• _Provided records_

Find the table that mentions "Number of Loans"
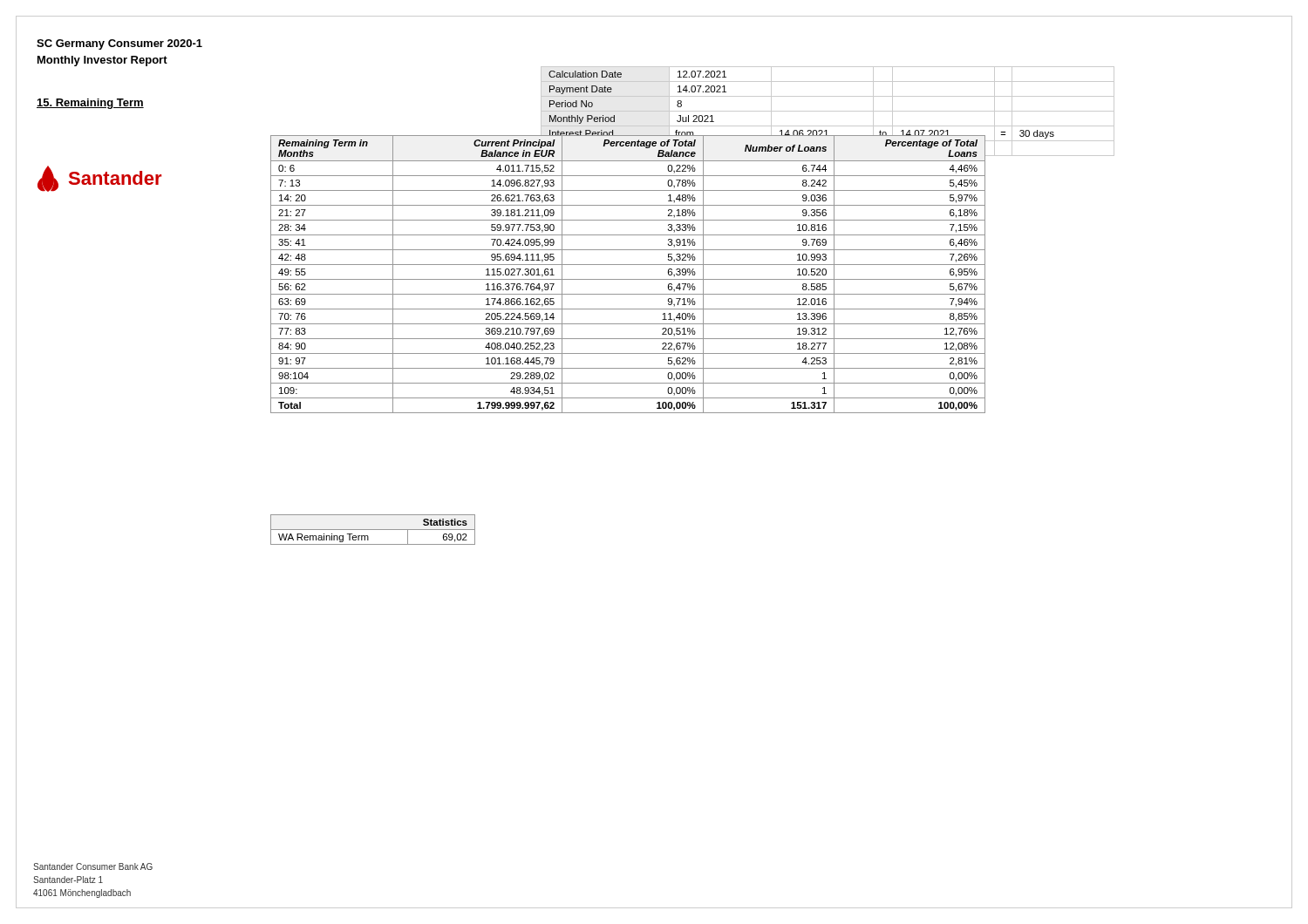This screenshot has height=924, width=1308. (x=774, y=274)
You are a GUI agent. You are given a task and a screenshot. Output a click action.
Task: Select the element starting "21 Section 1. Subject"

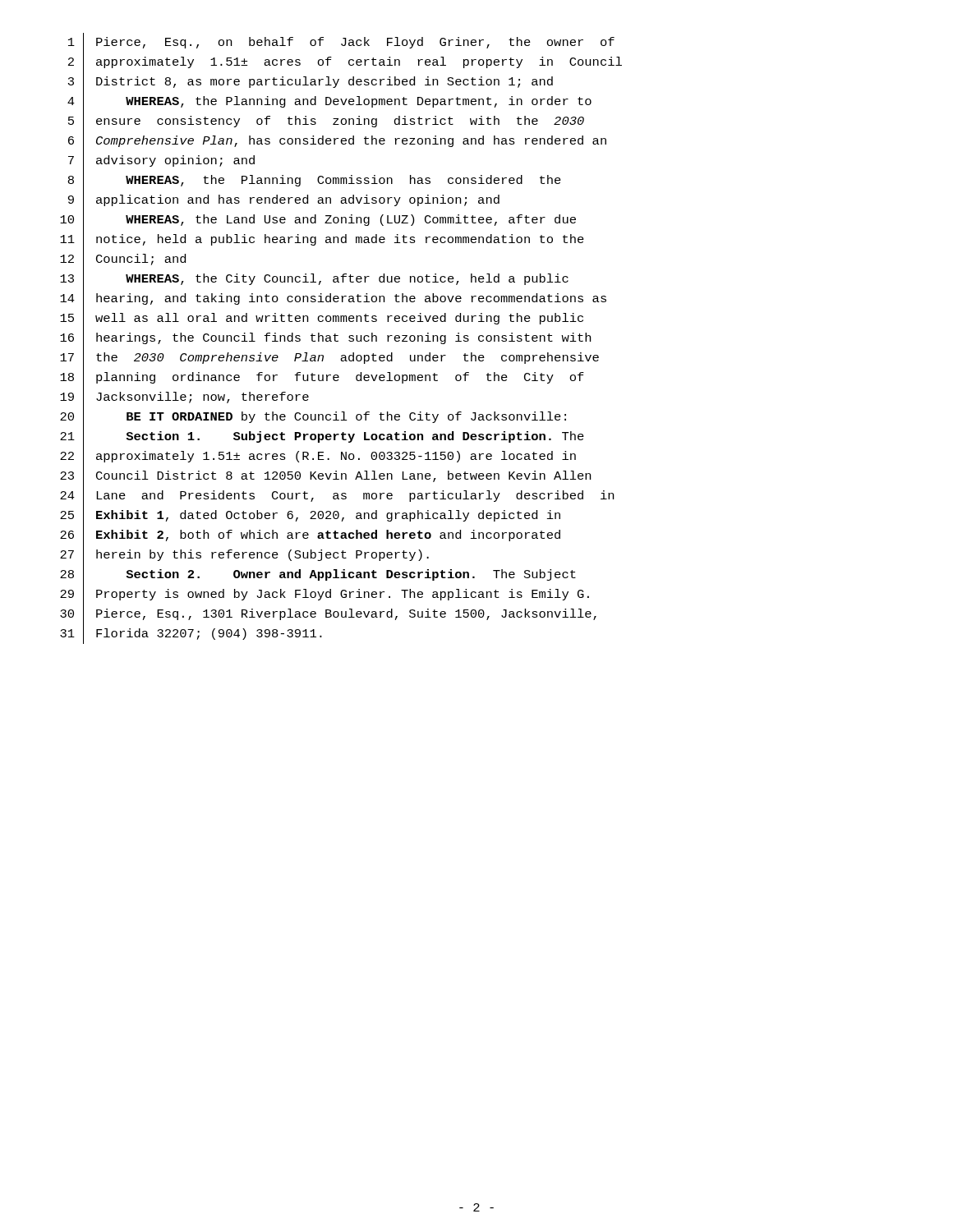[x=476, y=437]
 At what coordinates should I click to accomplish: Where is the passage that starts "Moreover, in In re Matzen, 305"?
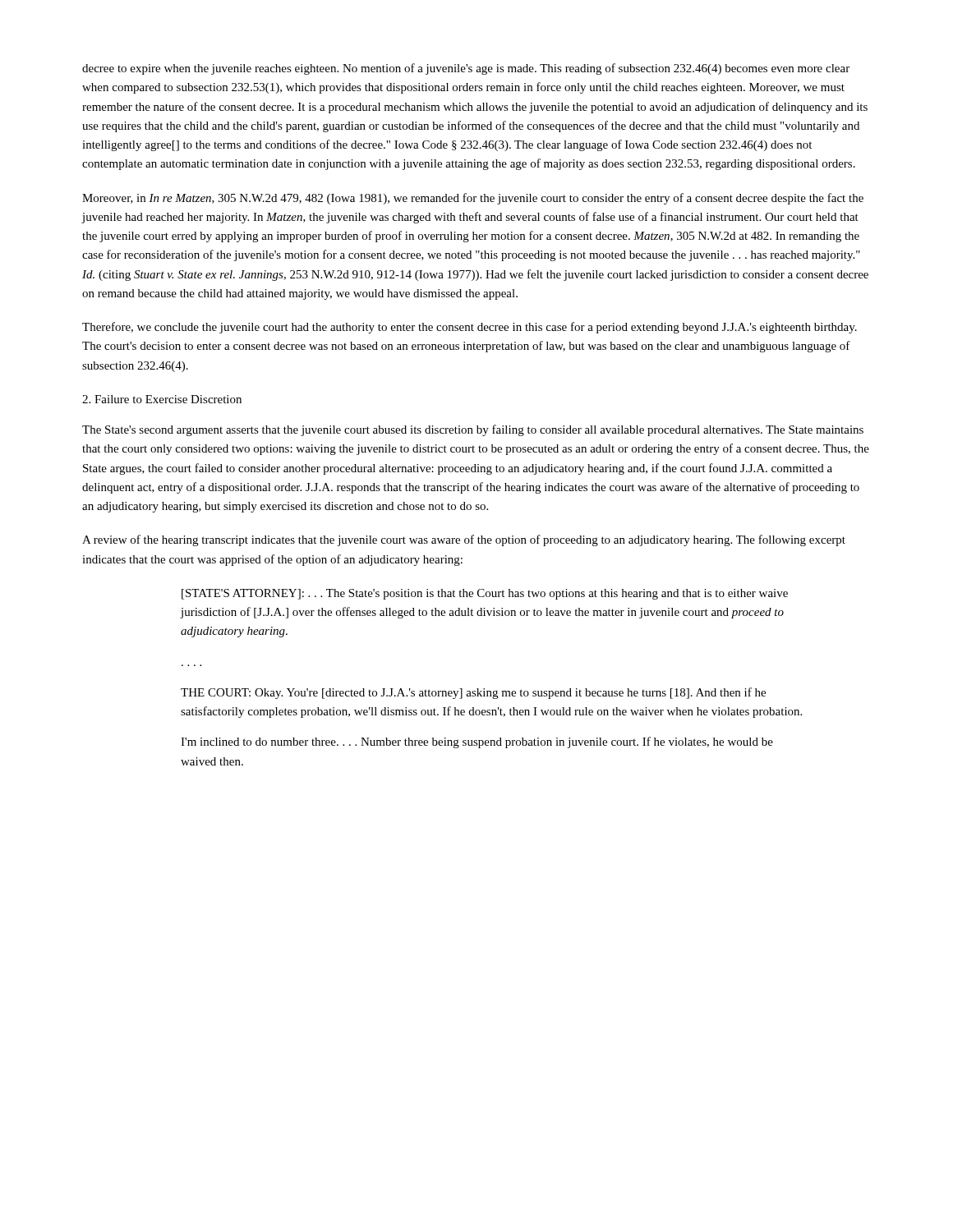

• _What you have to do_
The records above must be repeated in full and exactly, but without any of the pictures.

• _Solution_
Find the table that mentions "Number of Loans"
This screenshot has height=924, width=1308. (x=774, y=274)
You are a GUI agent. You are given a task and a screenshot. Output a click action.
Task: Select the element starting "21 Section 1. Subject"

[x=476, y=437]
 At what coordinates should I click to accomplish: Where is the passage that starts "Moreover, in In re Matzen, 305"?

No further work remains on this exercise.